Observation Space Matters: Benchmark and Optimization Algorithm
This addresses the problem of inefficient observation space design in deep RL for researchers and practitioners, offering an incremental optimization method.
The paper tackled the sensitivity of deep reinforcement learning to observation space design by benchmarking common choices and proposing a search algorithm to optimize them, resulting in significantly improved learning speed compared to manual designs.

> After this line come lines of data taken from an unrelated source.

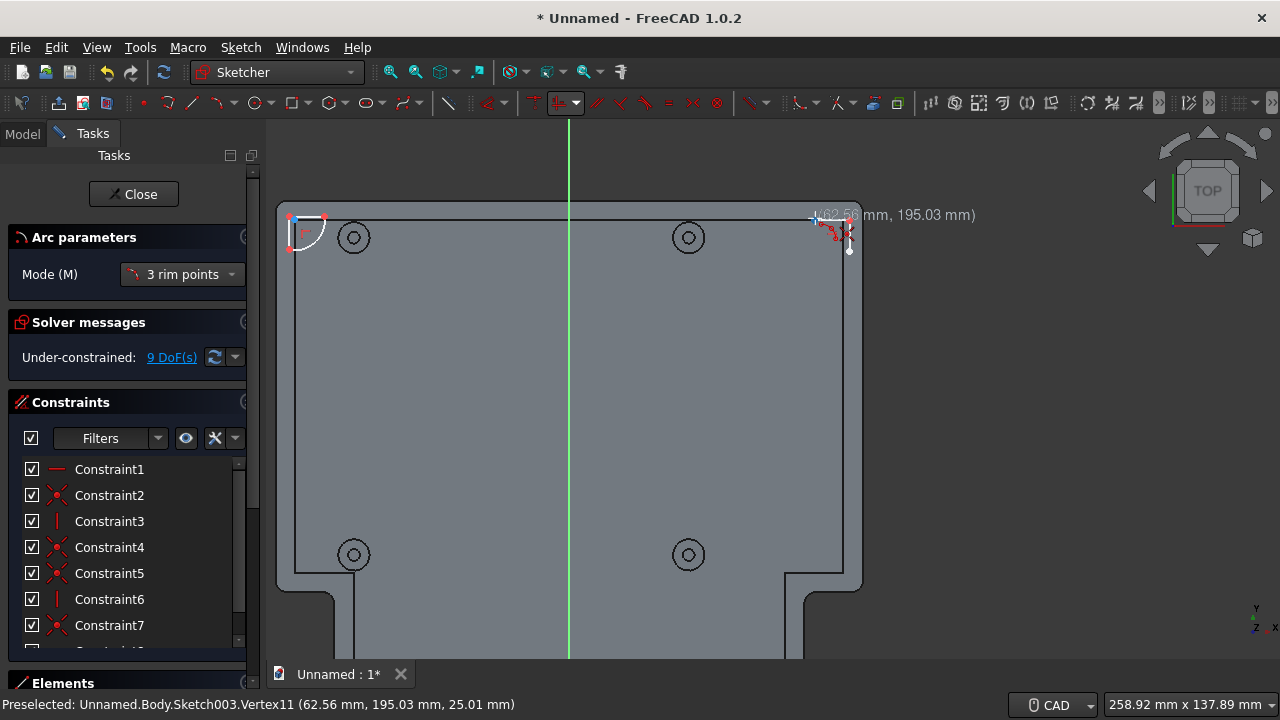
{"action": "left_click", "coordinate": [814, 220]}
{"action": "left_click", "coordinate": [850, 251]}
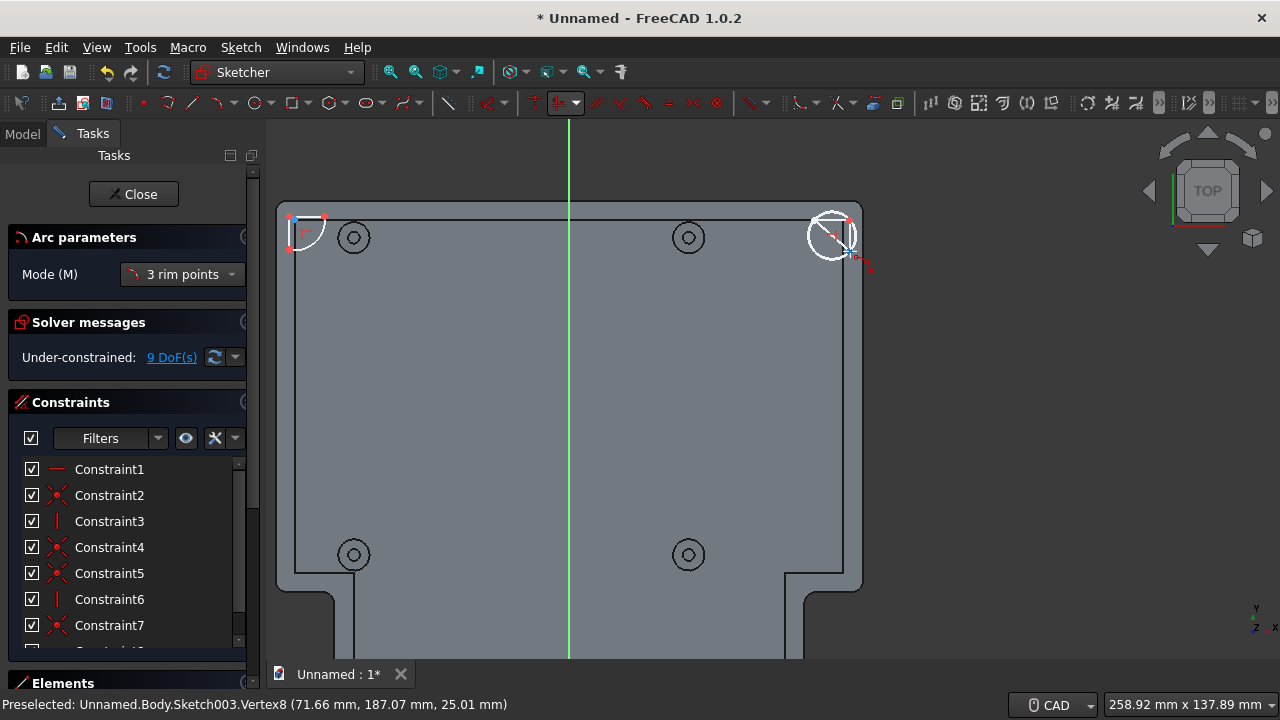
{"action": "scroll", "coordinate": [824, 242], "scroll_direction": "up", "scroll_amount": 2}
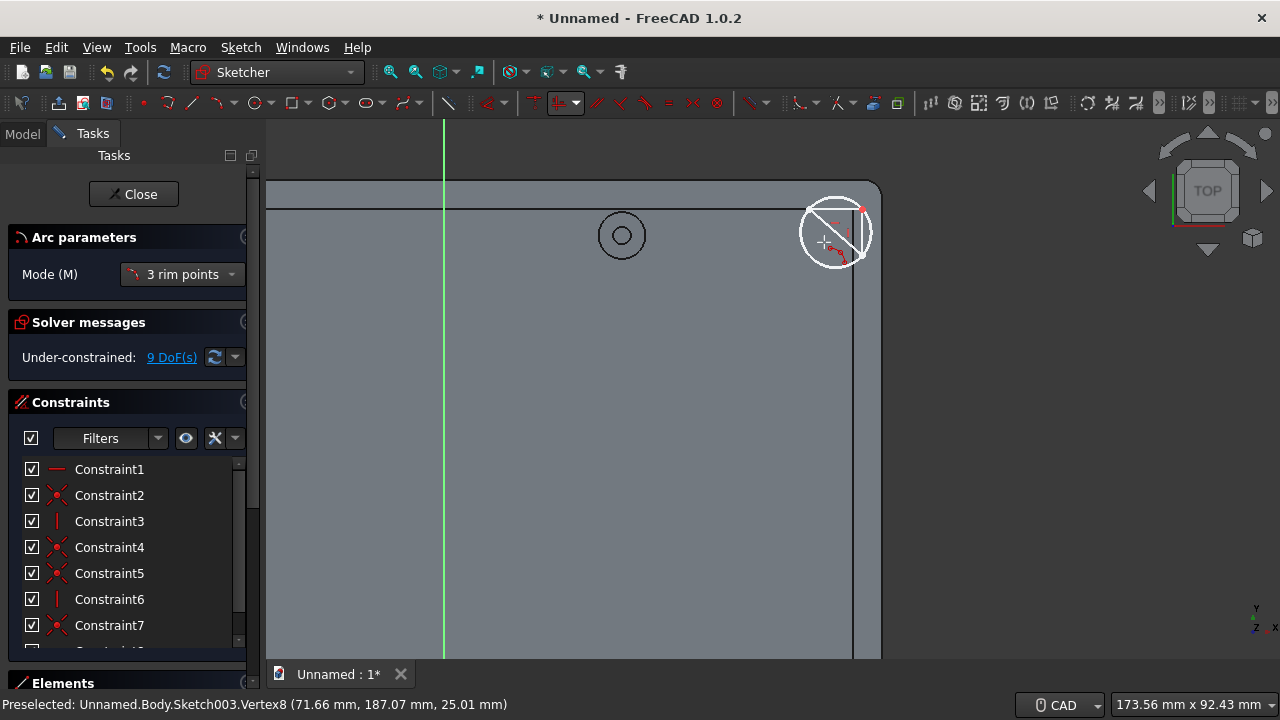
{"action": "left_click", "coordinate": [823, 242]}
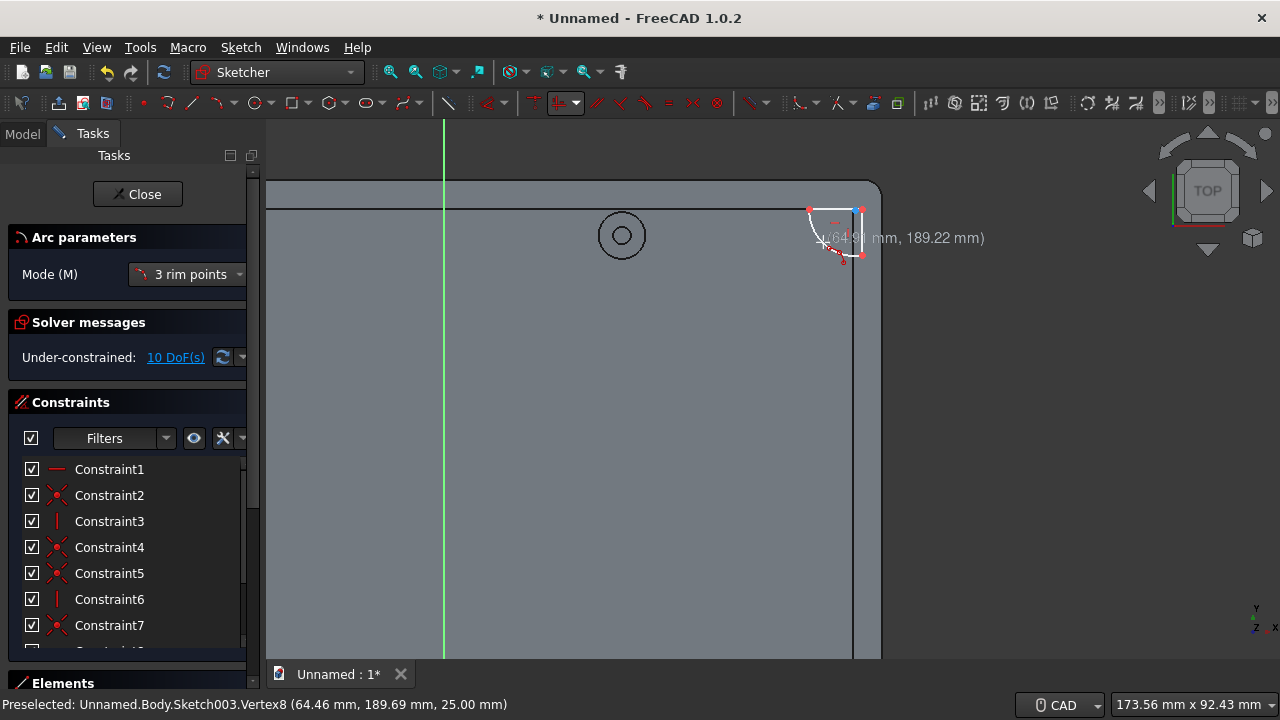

Recent advances in deep reinforcement learning (deep RL) enable researchers to solve challenging control problems, from simulated environments to real-world robotic tasks. However, deep RL algorithms are known to be sensitive to the problem formulation, including observation spaces, action spaces, and reward functions. There exist numerous choices for observation spaces but they are often designed solely based on prior knowledge due to the lack of established principles. In this work, we conduct benchmark experiments to verify common design choices for observation spaces, such as Cartesian transformation, binary contact flags, a short history, or global positions. Then we propose a search algorithm to find the optimal observation spaces, which examines various candidate observation spaces and removes unnecessary observation channels with a Dropout-Permutation test. We demonstrate that our algorithm significantly improves learning speed compared to manually designed observation spaces. We also analyze the proposed algorithm by evaluating different hyperparameters.